Woman jailed for defrauding more than £15,000 from community organisation
A BELFAST woman who admitted defrauding more than £15,000 from a community organisation in which murdered ex-IRA leader Gerard 'Jock' Davison was a director, has been jailed for nine months.
Judge Geoffrey Miller QC told the 39-year-old former finance officer Niamh Marie Rose Bradley that he had "concluded a custodial sentence is inevitable", and had she contested the case she would have been given 16 months.
Bradley admitted defrauding the Donegall Pass based Cromac Regeneration Initiative (CRI) group over a two year period up to November last year, and who were also fined more than £1,000 by HMRC VAT as a result.
Earlier Judge Miller had remarked that "acts of theft come in many forms, but a breach of trust is the worst kind", adding later that: "The position quite simply is that effectively £16,500 was misappropriated, or lost as a result of the defendant's actions."
Bradley, originally with an address in Hughenden Avenue, but who since moved to Old Westland Road in the north of the city, admitted taking CRI money to fund her drug addiction and treat family and friends.
Prosecution barrister Robin Steer said Bradley had initially "broken down in tears" after claiming she could not find the community bank books needed for an audit last November.
Eventually she returned in early December and confessed to her manager "that she had doctored" bank statements to cover her taking cheques and lodging them into her own account.

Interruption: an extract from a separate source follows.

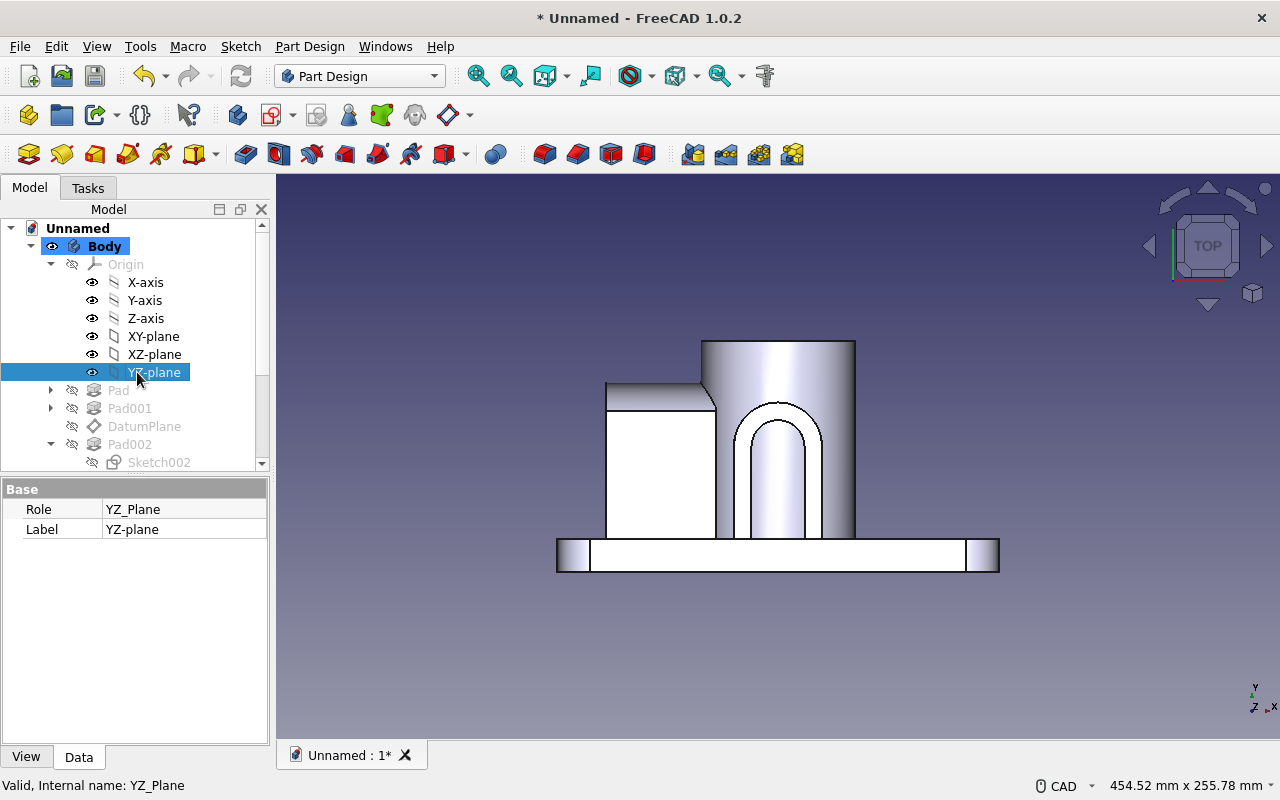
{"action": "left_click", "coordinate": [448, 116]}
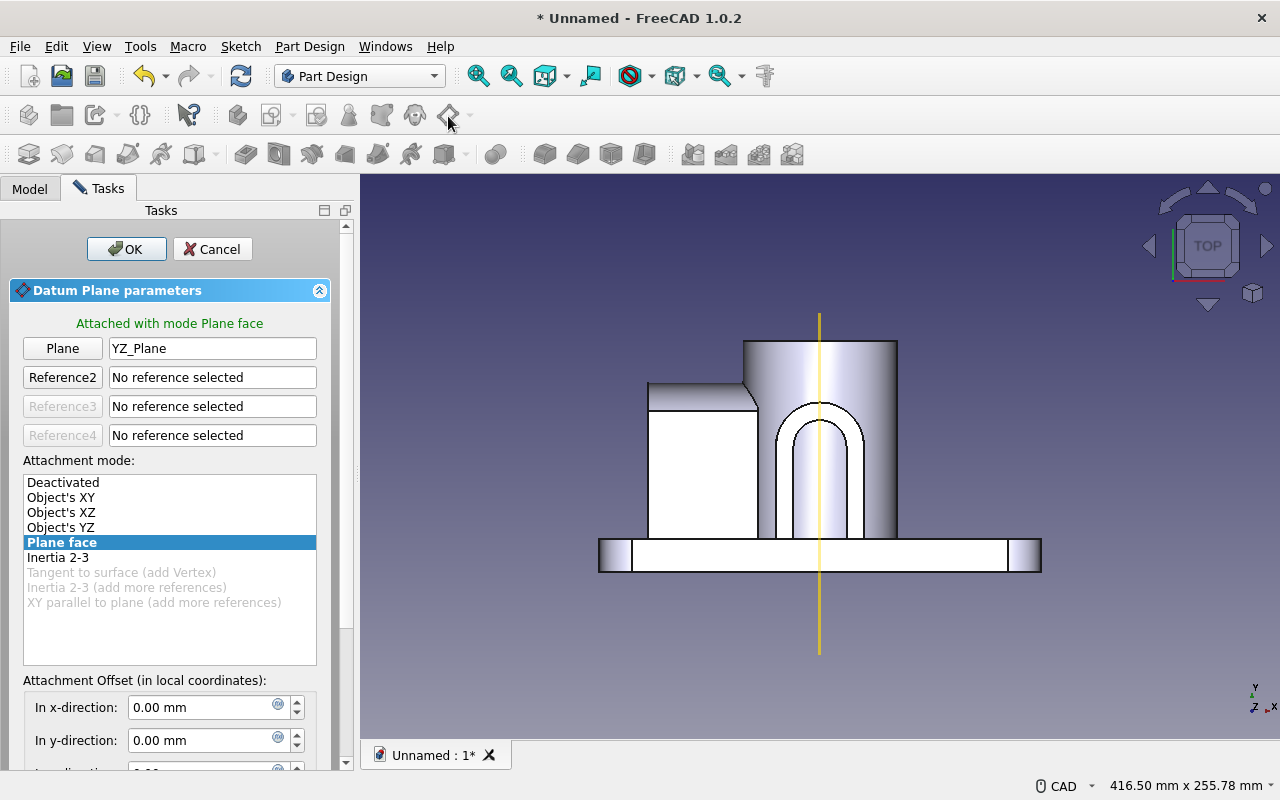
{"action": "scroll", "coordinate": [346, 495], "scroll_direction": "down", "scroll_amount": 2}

Mr Steer said Bradley said she had "a drug addiction", at which stage her manager told her she had "no choice but to sack her and inform the police". In all there were 28 separate transactions amounting to £15,447.18.
Solicitor advocate Stephen Keown said Bradley, who readily admitted her guilt to police, had a history of mental health difficulties from a young age and had used the money, about £200 to £300 a week to buy cannabis and spend on family and acquaintances.
Reports also indicated, said Mr Keown, this gave Bradley, who felt inadequate, feelings of wellbeing and worth. However, he added while Bradley "apologised" and her admissions indicated her remorse, regret and shame, she had "no means of getting her hands on this type of money" to make restitution.
The CRI community group, who give Bradley a chance in employing her despite a previous criminal record, was set up as a limited company in 2010 following the amalgamation of three communities in inner south Belfast.